I personally always need a second more to understand do blocks than “normal” functions, but I think you have good reasons to do it like that – depending on how complex your actual struct is, this is the easiest to read for me, but I would also be curious about other ways to approach this.
But regarding your second question: With @macroexpand you can check the exact code that will be generated and see what will actually be stored in the struct:
expanded macro
(I removed everything after the struct definition and added some empty lines to make it more readable; also the calculation of ys is just a dummy of course)

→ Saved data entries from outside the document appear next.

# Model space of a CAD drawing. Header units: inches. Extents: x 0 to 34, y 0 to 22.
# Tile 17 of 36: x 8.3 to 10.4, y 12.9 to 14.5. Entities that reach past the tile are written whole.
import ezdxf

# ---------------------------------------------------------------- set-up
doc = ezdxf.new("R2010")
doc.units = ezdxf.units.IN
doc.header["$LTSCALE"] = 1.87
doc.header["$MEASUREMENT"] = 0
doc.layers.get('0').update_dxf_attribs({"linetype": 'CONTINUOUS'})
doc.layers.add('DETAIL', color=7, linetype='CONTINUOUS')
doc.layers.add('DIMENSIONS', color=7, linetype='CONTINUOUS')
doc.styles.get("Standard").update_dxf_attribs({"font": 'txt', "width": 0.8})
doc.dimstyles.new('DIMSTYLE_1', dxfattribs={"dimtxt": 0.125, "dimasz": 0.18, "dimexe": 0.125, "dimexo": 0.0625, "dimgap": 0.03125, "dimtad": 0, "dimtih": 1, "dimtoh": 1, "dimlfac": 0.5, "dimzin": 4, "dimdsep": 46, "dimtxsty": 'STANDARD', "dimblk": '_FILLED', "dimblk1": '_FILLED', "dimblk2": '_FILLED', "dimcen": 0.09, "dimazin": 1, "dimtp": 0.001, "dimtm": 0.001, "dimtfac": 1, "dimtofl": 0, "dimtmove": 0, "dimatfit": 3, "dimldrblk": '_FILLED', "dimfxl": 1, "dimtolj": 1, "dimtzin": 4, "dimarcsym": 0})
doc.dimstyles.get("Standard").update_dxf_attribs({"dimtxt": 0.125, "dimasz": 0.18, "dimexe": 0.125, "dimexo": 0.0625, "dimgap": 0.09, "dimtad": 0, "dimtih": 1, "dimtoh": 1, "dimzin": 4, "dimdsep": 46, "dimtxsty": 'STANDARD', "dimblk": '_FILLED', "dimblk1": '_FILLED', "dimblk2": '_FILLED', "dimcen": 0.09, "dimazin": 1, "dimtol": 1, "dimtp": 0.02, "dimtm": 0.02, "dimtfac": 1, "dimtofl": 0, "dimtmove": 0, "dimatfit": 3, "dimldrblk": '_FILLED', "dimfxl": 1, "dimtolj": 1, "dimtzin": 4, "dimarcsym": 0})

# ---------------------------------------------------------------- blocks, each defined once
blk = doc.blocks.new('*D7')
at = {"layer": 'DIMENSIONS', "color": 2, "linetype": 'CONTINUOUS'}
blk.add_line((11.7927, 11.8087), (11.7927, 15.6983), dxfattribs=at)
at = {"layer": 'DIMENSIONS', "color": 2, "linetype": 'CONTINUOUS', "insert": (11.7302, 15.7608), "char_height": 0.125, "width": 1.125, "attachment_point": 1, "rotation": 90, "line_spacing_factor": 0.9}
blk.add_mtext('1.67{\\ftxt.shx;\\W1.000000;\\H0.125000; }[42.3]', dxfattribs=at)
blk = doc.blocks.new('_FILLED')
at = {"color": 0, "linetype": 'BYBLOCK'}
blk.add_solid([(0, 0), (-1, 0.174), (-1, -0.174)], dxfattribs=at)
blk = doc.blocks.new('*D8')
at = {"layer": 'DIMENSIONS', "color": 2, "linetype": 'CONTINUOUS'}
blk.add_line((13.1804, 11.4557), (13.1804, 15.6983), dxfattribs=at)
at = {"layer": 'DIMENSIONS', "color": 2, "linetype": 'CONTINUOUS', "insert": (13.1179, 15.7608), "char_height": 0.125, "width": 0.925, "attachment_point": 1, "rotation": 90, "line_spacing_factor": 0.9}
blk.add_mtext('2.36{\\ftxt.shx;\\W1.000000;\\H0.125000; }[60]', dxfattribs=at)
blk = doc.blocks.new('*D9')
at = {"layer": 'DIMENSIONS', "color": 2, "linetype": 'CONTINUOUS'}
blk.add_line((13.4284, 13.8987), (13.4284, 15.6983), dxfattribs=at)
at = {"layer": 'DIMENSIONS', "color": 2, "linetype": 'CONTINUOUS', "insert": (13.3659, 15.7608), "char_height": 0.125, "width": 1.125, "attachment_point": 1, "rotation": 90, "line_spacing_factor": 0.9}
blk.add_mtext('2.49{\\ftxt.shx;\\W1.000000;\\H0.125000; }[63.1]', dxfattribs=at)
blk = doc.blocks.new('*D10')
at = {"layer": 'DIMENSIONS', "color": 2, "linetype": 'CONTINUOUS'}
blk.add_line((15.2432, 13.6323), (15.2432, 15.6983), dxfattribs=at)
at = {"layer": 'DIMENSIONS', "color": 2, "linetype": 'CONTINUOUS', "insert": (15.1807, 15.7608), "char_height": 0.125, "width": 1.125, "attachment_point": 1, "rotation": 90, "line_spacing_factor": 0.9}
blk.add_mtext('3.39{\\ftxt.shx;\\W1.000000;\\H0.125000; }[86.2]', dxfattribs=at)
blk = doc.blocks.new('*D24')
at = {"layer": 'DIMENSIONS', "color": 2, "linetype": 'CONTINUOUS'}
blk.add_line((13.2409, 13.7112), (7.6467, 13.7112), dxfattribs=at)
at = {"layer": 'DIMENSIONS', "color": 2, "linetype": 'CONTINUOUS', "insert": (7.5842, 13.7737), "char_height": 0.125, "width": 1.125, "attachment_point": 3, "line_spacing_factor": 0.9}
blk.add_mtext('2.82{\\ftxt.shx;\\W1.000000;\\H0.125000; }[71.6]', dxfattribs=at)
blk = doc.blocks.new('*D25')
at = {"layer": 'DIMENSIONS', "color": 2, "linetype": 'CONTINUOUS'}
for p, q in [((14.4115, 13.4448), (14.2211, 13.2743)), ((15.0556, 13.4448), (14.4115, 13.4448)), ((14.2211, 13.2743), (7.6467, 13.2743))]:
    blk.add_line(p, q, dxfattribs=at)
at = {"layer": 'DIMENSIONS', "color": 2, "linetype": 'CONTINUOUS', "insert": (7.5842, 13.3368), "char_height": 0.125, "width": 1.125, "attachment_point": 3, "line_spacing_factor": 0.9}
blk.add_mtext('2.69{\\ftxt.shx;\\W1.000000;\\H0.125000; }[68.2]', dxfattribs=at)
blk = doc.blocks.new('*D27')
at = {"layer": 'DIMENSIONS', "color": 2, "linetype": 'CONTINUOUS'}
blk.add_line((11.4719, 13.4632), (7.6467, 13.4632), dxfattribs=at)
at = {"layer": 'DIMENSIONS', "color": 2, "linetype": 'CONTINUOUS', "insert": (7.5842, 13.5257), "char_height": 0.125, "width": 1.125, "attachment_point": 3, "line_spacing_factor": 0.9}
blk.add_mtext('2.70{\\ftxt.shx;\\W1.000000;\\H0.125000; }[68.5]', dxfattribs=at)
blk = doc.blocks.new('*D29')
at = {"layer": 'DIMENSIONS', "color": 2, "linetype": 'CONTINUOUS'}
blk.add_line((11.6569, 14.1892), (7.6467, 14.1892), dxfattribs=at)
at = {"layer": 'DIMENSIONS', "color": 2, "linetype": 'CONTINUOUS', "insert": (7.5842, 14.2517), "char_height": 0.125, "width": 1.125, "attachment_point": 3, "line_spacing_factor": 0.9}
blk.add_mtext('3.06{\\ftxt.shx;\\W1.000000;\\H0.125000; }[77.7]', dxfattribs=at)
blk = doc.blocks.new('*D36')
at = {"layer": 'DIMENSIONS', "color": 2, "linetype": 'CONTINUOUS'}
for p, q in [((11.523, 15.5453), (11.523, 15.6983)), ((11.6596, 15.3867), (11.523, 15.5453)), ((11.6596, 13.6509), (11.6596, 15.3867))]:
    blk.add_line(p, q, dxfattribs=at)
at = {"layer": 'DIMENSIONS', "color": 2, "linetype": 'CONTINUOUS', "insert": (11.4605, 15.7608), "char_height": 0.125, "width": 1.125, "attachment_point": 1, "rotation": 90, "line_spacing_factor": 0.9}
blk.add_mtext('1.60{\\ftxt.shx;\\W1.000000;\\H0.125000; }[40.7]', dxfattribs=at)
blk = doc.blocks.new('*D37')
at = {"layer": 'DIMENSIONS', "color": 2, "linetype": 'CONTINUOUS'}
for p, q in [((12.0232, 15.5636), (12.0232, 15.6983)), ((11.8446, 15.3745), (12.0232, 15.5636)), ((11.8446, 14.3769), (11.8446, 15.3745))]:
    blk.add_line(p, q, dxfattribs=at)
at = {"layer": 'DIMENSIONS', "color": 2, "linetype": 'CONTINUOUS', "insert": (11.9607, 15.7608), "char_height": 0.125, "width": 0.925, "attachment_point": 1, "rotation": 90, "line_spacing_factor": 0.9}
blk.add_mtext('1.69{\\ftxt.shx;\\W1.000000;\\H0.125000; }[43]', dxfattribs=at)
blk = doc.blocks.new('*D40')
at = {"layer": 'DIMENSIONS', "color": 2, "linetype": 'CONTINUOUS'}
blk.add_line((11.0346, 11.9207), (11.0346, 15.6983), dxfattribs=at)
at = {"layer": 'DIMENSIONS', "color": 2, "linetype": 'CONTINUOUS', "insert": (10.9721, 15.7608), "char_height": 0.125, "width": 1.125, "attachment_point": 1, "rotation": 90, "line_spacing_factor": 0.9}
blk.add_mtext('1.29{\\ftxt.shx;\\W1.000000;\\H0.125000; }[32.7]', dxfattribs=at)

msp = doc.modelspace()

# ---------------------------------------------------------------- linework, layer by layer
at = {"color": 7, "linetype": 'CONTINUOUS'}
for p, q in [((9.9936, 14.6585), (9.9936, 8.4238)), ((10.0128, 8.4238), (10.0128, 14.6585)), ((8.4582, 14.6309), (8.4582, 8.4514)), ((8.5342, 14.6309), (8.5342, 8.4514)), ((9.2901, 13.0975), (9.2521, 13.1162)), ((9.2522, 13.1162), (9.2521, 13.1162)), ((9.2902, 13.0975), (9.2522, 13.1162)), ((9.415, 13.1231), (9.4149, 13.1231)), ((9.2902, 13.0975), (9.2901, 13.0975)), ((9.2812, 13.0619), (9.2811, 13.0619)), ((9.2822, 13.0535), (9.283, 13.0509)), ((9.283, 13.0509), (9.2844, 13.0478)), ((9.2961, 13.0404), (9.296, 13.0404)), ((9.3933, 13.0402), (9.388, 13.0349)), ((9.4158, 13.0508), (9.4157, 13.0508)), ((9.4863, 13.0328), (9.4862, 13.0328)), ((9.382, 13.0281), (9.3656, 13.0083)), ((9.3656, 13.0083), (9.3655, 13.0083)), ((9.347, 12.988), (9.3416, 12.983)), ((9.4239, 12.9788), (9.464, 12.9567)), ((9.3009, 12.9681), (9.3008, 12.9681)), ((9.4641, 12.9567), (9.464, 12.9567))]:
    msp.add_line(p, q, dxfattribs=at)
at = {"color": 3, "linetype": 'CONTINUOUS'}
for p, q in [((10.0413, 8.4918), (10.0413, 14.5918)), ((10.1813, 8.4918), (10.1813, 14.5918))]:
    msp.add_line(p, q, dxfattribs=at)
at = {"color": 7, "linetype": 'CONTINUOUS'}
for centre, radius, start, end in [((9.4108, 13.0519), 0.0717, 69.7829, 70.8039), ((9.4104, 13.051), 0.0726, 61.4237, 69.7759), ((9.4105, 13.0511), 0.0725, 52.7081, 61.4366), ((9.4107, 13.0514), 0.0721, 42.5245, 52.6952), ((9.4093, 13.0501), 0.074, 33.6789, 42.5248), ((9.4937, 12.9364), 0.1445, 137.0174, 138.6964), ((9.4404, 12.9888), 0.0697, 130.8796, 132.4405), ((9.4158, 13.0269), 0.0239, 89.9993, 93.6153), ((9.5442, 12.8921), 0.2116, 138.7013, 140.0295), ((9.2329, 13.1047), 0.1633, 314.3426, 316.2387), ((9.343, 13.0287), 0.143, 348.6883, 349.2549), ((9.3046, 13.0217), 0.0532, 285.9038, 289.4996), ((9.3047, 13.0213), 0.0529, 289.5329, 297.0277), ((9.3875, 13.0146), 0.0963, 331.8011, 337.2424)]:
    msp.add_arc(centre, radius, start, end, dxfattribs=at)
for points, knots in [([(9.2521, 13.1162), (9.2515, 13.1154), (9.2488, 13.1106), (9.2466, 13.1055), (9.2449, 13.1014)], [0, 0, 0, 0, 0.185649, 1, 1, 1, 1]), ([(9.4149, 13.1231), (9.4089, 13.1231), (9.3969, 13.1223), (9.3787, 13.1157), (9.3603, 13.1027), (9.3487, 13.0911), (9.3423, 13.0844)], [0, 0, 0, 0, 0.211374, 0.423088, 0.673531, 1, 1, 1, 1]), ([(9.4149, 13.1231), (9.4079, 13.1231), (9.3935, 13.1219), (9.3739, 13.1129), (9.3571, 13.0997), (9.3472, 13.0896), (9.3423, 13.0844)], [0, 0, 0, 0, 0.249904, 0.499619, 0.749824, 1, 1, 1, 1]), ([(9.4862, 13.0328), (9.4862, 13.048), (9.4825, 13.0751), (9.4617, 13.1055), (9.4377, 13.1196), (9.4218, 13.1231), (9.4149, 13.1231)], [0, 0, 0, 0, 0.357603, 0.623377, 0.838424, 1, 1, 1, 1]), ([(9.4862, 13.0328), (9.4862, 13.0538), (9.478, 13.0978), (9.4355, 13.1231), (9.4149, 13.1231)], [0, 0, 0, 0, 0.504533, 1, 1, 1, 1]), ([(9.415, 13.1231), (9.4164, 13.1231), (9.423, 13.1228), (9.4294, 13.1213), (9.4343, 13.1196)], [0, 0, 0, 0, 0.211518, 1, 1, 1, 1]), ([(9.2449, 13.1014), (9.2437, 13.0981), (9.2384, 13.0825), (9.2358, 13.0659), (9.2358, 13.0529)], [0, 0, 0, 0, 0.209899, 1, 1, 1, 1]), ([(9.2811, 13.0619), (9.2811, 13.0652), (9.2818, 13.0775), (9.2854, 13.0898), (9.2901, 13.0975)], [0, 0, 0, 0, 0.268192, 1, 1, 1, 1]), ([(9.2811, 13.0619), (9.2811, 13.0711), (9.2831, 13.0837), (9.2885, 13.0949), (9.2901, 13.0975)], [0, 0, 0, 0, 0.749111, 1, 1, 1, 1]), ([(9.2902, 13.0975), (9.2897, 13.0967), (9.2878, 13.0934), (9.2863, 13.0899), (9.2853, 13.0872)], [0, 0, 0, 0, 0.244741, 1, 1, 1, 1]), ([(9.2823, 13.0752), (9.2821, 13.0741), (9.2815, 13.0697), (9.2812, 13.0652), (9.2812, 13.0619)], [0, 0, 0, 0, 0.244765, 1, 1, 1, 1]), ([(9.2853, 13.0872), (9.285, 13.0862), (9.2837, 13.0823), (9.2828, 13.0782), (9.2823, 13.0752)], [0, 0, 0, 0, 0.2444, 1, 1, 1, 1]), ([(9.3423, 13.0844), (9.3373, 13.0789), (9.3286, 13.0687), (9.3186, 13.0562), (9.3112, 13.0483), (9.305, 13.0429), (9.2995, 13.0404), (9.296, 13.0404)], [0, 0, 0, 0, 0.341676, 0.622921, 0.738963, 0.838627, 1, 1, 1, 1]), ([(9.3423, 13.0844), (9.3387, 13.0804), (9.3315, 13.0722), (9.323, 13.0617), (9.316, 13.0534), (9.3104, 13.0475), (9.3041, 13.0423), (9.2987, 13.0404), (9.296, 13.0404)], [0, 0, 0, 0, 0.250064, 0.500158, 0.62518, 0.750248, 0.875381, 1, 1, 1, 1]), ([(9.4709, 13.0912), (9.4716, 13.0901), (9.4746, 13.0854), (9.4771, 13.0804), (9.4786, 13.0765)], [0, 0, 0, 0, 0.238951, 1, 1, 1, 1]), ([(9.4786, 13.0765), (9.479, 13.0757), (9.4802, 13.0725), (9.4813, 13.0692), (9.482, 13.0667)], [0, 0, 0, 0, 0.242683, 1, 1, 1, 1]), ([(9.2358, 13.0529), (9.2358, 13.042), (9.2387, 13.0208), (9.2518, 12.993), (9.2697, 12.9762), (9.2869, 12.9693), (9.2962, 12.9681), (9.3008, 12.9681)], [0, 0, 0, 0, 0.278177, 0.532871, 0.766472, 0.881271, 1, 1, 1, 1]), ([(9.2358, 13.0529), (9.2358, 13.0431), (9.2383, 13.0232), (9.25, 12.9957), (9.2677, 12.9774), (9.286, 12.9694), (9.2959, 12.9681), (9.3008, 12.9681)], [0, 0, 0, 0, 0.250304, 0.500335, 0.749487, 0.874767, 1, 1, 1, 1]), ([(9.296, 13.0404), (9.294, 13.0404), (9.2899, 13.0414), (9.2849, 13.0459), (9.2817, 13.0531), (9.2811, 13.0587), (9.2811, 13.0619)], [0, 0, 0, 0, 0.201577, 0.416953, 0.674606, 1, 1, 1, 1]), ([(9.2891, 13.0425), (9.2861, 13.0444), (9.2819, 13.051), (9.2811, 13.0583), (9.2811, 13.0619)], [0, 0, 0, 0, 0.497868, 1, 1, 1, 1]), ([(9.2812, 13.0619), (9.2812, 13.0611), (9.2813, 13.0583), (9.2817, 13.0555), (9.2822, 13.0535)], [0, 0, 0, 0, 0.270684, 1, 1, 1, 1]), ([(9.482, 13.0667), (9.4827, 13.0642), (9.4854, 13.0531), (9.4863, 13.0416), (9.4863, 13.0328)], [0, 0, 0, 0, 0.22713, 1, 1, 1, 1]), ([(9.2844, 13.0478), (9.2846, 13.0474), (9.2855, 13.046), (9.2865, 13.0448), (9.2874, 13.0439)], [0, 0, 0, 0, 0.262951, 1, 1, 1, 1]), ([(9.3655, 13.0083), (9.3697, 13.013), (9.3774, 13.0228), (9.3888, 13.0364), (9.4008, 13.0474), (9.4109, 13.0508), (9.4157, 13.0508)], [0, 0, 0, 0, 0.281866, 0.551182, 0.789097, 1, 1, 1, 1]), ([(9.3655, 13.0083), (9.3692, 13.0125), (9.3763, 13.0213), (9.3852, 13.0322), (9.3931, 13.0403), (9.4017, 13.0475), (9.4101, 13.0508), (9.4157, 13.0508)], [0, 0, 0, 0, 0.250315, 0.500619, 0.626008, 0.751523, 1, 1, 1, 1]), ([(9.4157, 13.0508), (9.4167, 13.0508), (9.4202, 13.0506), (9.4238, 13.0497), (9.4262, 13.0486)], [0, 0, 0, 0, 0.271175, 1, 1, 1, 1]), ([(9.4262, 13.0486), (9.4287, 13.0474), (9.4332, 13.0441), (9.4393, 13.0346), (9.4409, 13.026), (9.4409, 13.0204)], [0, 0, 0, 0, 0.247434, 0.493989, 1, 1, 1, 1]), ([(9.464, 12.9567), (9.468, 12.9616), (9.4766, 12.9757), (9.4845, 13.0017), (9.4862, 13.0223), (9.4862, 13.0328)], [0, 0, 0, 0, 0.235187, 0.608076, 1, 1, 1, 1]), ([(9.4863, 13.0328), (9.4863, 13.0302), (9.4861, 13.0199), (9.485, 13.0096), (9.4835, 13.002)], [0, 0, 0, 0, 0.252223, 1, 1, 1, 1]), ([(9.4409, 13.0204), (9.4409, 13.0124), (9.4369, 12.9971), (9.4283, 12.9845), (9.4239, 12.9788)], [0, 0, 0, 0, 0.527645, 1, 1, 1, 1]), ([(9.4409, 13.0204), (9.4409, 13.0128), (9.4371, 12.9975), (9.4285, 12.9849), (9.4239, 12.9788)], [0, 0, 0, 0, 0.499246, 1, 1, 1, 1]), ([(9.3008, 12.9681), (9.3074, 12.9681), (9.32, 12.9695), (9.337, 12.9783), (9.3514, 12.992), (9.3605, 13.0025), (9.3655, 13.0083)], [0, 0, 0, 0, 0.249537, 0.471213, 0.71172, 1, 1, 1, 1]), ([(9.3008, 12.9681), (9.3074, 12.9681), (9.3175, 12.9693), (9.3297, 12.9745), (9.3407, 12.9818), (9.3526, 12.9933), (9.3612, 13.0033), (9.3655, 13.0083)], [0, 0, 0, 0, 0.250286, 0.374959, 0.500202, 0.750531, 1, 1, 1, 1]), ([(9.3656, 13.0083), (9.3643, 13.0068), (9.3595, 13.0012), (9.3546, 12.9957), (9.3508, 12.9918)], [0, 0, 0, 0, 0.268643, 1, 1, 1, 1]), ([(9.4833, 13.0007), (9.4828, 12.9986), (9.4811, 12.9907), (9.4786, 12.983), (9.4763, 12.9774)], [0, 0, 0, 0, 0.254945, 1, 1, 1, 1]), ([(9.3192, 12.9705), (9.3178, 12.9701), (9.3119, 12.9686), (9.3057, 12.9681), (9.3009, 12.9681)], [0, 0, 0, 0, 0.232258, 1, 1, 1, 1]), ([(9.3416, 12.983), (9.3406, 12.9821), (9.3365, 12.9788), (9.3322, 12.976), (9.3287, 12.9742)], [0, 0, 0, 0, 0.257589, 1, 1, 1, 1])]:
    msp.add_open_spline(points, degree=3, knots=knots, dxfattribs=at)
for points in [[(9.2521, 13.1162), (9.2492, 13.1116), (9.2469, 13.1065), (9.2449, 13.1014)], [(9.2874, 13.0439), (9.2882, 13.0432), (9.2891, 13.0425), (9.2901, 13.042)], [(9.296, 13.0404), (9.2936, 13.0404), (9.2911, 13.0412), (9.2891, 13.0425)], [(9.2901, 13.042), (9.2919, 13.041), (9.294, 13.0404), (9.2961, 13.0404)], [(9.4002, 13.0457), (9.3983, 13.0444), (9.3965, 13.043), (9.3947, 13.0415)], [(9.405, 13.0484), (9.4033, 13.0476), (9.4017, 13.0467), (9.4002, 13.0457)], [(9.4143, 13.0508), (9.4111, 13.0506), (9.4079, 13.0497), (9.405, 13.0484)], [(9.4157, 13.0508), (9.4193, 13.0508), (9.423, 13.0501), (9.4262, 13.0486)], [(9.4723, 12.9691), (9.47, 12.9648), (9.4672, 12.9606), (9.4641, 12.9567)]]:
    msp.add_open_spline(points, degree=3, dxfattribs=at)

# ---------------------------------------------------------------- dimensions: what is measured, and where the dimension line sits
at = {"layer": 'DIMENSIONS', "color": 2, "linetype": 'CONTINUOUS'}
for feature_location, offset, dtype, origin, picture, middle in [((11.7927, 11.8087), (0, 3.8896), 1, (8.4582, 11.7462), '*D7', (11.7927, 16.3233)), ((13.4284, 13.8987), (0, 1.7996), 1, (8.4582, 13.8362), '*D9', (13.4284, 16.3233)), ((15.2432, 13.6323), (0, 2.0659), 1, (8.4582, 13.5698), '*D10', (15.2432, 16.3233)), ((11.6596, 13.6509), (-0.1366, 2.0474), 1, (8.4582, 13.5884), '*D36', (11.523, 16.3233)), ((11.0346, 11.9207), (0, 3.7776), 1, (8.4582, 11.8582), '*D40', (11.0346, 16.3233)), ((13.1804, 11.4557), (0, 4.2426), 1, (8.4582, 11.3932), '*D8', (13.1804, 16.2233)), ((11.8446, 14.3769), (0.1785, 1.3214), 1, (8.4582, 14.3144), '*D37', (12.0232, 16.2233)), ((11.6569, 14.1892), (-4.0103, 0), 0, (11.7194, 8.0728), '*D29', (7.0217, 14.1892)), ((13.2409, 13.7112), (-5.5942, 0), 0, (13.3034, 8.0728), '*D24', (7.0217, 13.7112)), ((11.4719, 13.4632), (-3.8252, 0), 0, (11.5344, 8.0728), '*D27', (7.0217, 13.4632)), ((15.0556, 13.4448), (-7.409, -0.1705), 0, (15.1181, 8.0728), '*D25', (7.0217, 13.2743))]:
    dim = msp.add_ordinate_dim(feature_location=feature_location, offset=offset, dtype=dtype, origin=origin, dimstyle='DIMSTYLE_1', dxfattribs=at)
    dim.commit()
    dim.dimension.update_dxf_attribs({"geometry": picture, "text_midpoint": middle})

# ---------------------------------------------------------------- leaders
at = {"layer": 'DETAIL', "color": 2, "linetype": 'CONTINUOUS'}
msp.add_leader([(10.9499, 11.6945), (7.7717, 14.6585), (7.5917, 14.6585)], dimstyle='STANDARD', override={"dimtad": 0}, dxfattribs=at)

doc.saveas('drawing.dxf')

@macroexpand @with_kw struct X @deftype Float64
a; b; c; d; e; f; g
xv::Vector{Float64}
yv::Vector{Float64} = map(xv) do x
x * a + b * c + d * e * f * g
end
end
begin
$(Expr(:meta, :doc))
struct X
a::Float64
b::Float64
c::Float64
d::Float64
e::Float64
f::Float64
g::Float64
xv::Vector{Float64}
"Default: map(xv) do x\n #= REPL[24]:8 =#\n x * a + b * c + d * e * f * g\nend"
yv::Vector{Float64}
X(; a = #= remaining fields, edited out =# , yv = map(xv) do x
#= REPL[24]:8 =#
x * a + b * c + d * e * f * g
end) = begin
X(a, b, c, d, e, f, g, xv, yv)
end
X(a, b, c, d, e, f, g, xv, yv) = begin
new(a, b, c, d, e, f, g, xv, yv)
end
end
end
So the function to generate ys is “stored” just inside the constructor like X(; ..., ys = anonymous_fn(...)), but the struct just contains the plain values that come out of the computation. Note that I had to annotate ys::Vector{Float64} because of the @deftype Float64.